As of the 2020 census, Centrahoma had a population of 81. The median age was 45.4 years. 25.9% of residents were under the age of 18 and 18.5% of residents were 65 years of age or older. For every 100 females there were 102.5 males, and for every 100 females age 18 and over there were 114.3 males age 18 and over.

All residents lived in rural areas.

There were 37 households in Centrahoma, of which 45.9% had children under the age of 18 living in them. Of all households, 51.4% were married-couple households, 29.7% were households with a male householder and no spouse or partner present, and 16.2% were households with a female householder and no spouse or partner present. About 32.4% of all households were made up of individuals and 8.1% had someone living alone who was 65 years of age or older.

There were 44 housing units, of which 15.9% were vacant. Among occupied housing units, 81.1% were owner-occupied and 18.9% were renter-occupied. The homeowner vacancy rate was 3.2% and the rental vacancy rate was <0.1%.

Racial composition as of the 2020 census
| Race | Percent |
|---|---|
| White | 69.1% |
| Black or African American | <0.1% |
| American Indian and Alaska Native | 9.9% |
| Asian | <0.1% |
| Native Hawaiian and Other Pacific Islander | <0.1% |
| Some other race | <0.1% |
| Two or more races | 21.0% |
| Hispanic or Latino (of any race) | <0.1% |

===2000 census===

As of the 2000 census, there were 110 people, 36 households, and 29 families residing in the city. The population density was 440.4 PD/sqmi. There were 44 housing units at an average density of 176.2 /sqmi. The racial makeup of the city was 71.82% White, 22.73% Native American, and 5.45% from two or more races.

There were 36 households, out of which 44.4% had children under the age of 18 living with them, 61.1% were married couples living together, 16.7% had a female householder with no husband present, and 16.7% were non-families. 13.9% of all households were made up of individuals, and 8.3% had someone living alone who was 65 years of age or older.

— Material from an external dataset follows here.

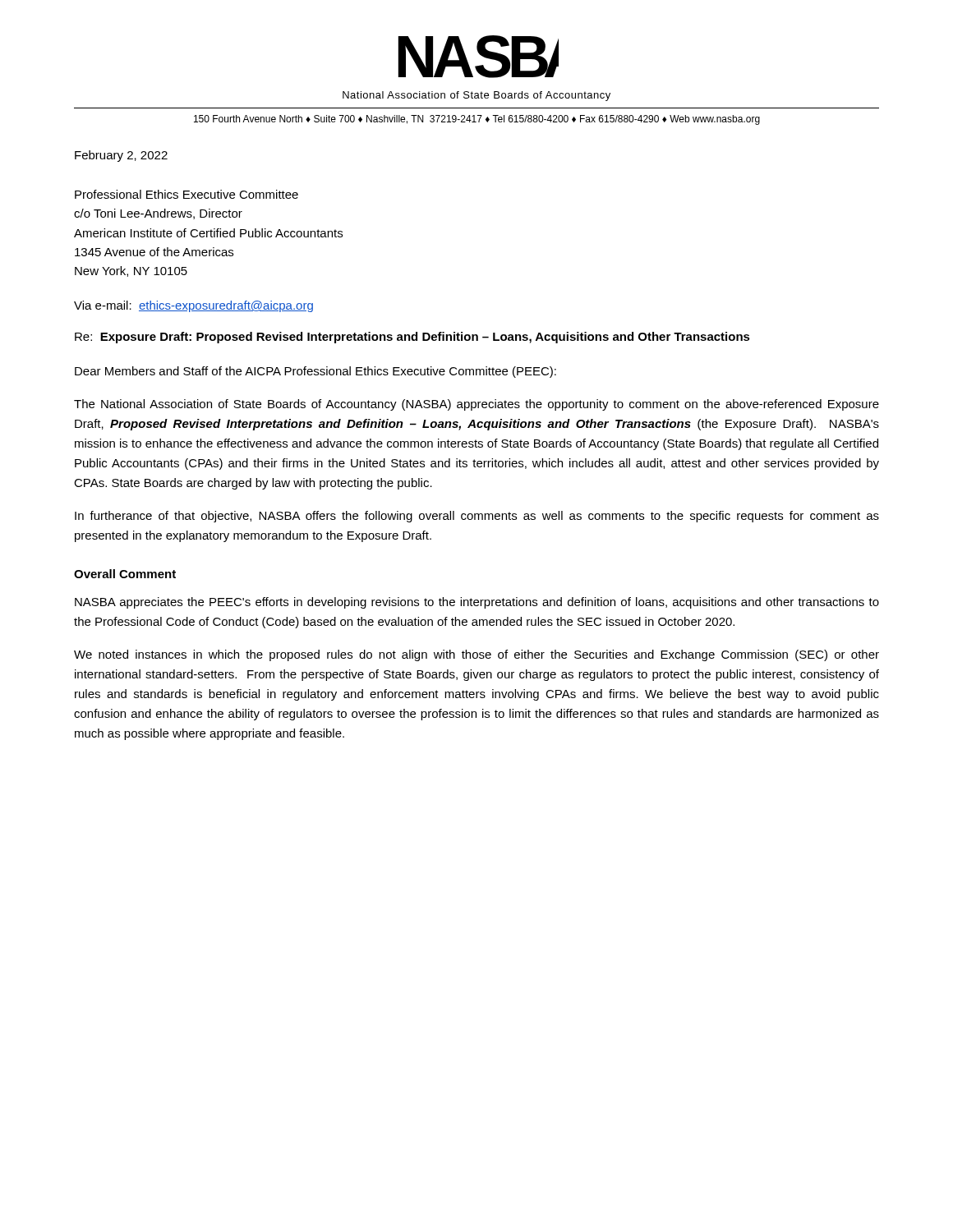This screenshot has height=1232, width=953.
Task: Find the logo
Action: tap(476, 51)

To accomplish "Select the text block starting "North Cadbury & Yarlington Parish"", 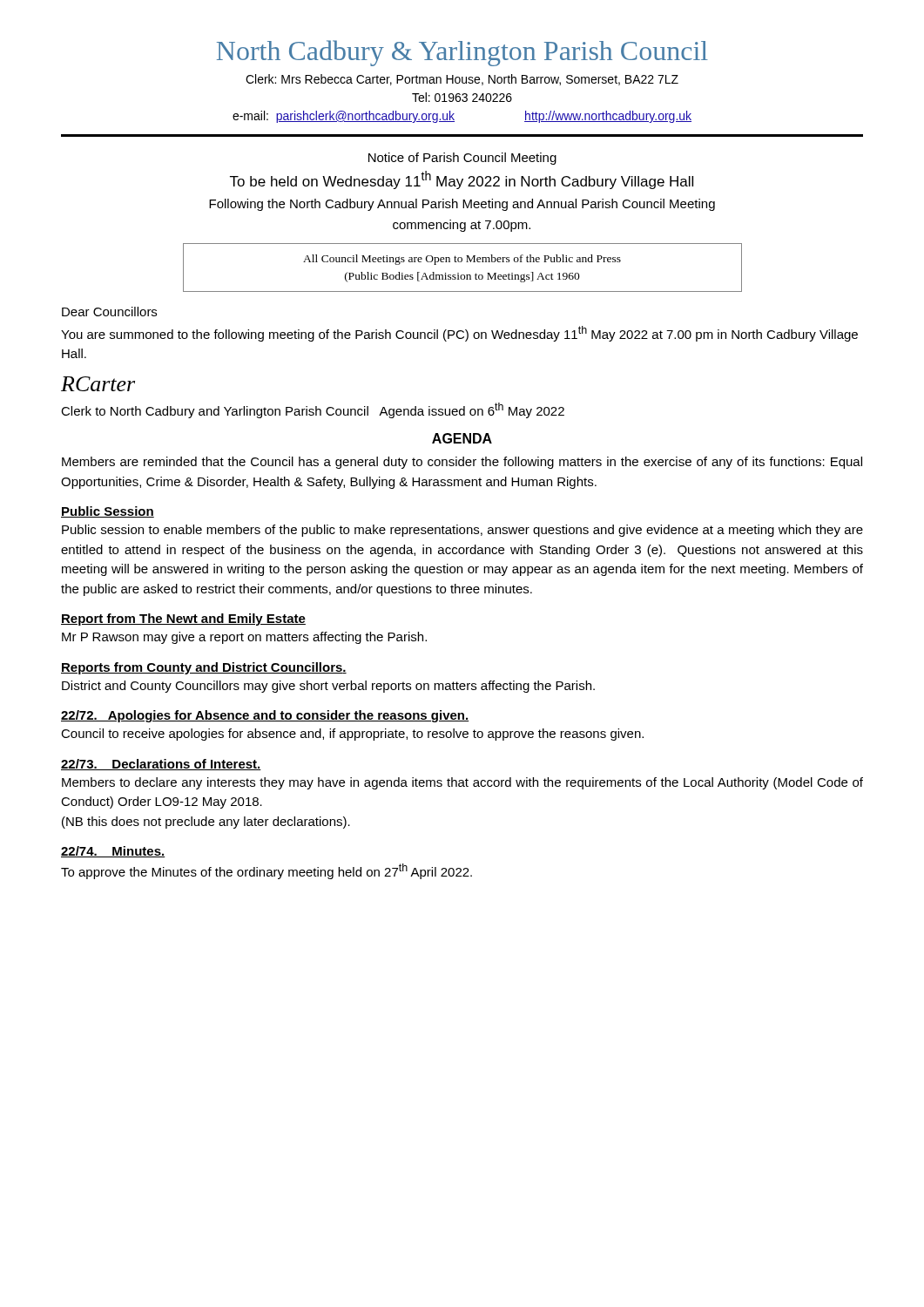I will point(462,51).

The average household size was 3.06 and the average family size was 3.30.

In the city, the population was spread out, with 39.1% under the age of 18, 7.3% from 18 to 24, 28.2% from 25 to 44, 13.6% from 45 to 64, and 11.8% who were 65 years of age or older. The median age was 29 years. For every 100 females, there were 107.5 males. For every 100 females age 18 and over, there were 116.1 males.

The median income for a household in the city was $23,125, and the median income for a family was $24,375. Males had a median income of $16,607 versus $18,750 for females. The per capita income for the city was $8,927. There were 17.4% of families and 29.3% of the population living below the poverty line, including 52.2% of under eighteens and 25.0% of those over 64.